原因となる食品をジャンル分けし、発生頻度を四半期ごとに集計しても、

【魚介類】

・1位 … 7〜9月(41.5%)

・2位 … 1〜3月(33.4%)

【きのこ】

・1位 … 10〜12月(59.4%)

・2位 … 7〜9月(40.5%)

【肉類及びその加工品】

・1位 … 10〜12月(44.6%)

・2位 … 7〜9月(28.7%)

【野菜及びその加工品】

・1位 … 4〜6月(65.5%)

・2位 … 10〜12月(15.2%)

と、10〜3月の寒い時期に多く発生していることがわかる。

魚介類やきのこによる食中毒が寒い時期に増えるのは、食材が持つ「自然毒」が原因で、カキなどを十分加熱せずに食べてノロウイルスに感染したり、毒きのこの誤食が増えるからだ。

■最大の原因はウイルス

ウイルス性の食中毒で、最も脅威なのはノロウイルスだ。

カキに「あたる」と表現されるものの、原因は傷んでいるからではなく、海水に含まれるノロウイルスを取り込んでしまうからだ。そのため養殖業者は、海域のウイルス・チェックや人工浄化をおこなうため安全に生食できるのだが、ノロウイルスの感染経路は、

・経口感染 … 汚染された手指で調理したものを食べた

・接触感染 … 排泄(はいせつ)物や嘔吐(おうと)物に触れた

・飛沫(ひまつ)感染 … 排泄物や嘔吐物が、床などに飛び散った後の飛沫

があり、カキ以外の原因のほうが圧倒的に多い。感染した子供を介抱した母親が十分に手洗いせずに調理すれば、他の家族に二次感染させてしまう恐れがあるし、同様に、レストランの厨房などで調理に携わる人がノロウイルス感染に気づかずにいれば、「食事特定」と呼ばれる集団食中毒をひき起こしかねない。

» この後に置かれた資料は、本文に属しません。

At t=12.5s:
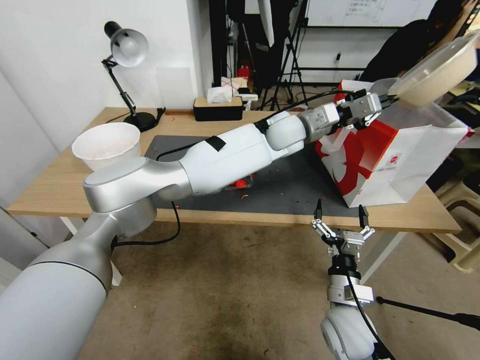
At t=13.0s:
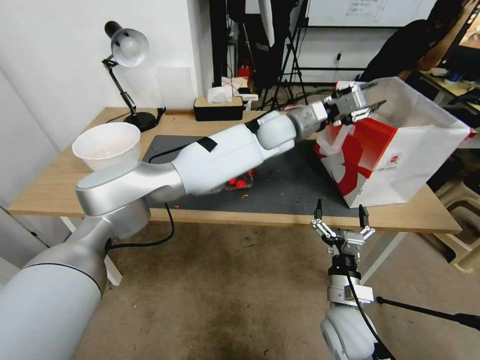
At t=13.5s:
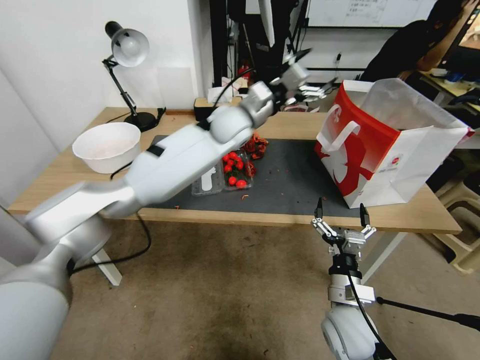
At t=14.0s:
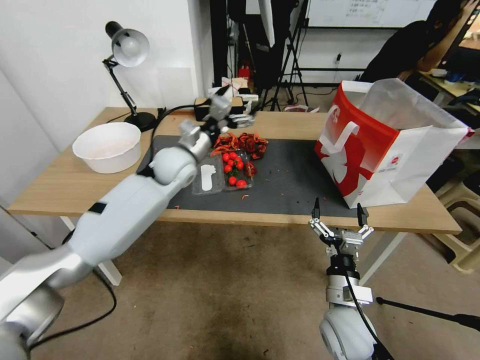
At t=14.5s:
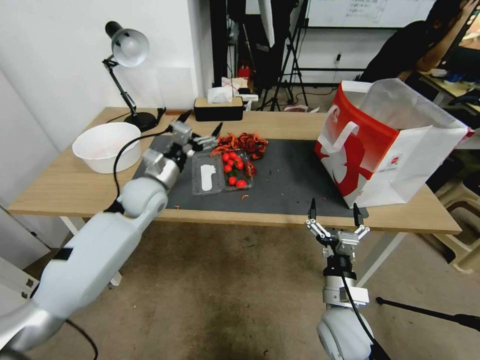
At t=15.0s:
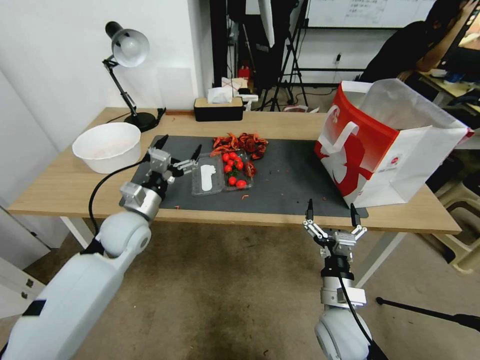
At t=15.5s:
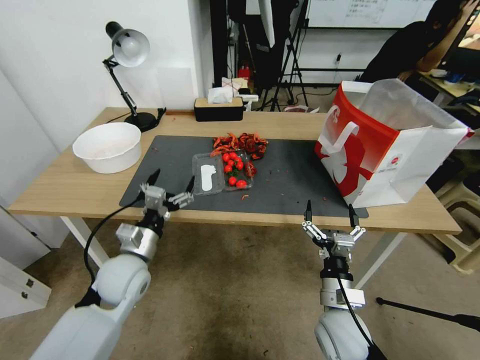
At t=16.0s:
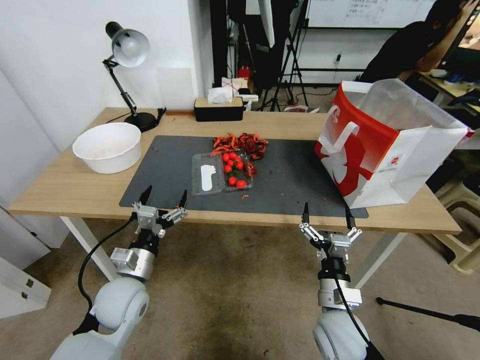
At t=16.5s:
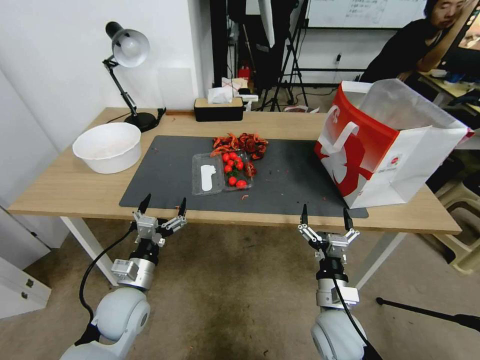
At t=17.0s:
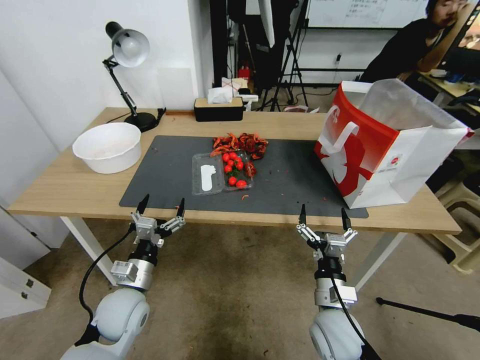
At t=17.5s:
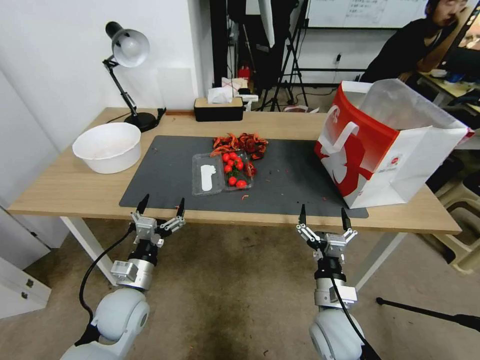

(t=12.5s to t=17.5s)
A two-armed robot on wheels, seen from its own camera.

2013年の食中毒患者数をみると、ノロウイルスに汚染された学校給食など「食事特定」のケースが約70%を占め、その約60%が10〜3月に発生している。つまり4割近くが寒い時期に起きているのだ。

予防が大切なのは言うまでもないが、発生した際に感染拡大を最小限におさえることが最重要課題だ。薬用石鹸での手洗い、マスク着用、塩素系漂白剤で消毒が効果大なので、すぐにでも衛生管理をおこなおう。

■まとめ

食中毒は、夏季より寒い季節の方が多く発生する

・秋〜冬の食中毒は、自然毒やウイルスが原因

・2013年の食中毒患者数の約70%は、いわゆる集団食中毒

これからの季節は衛生管理を、暖かくなったら食材の保存方法に注意しよう。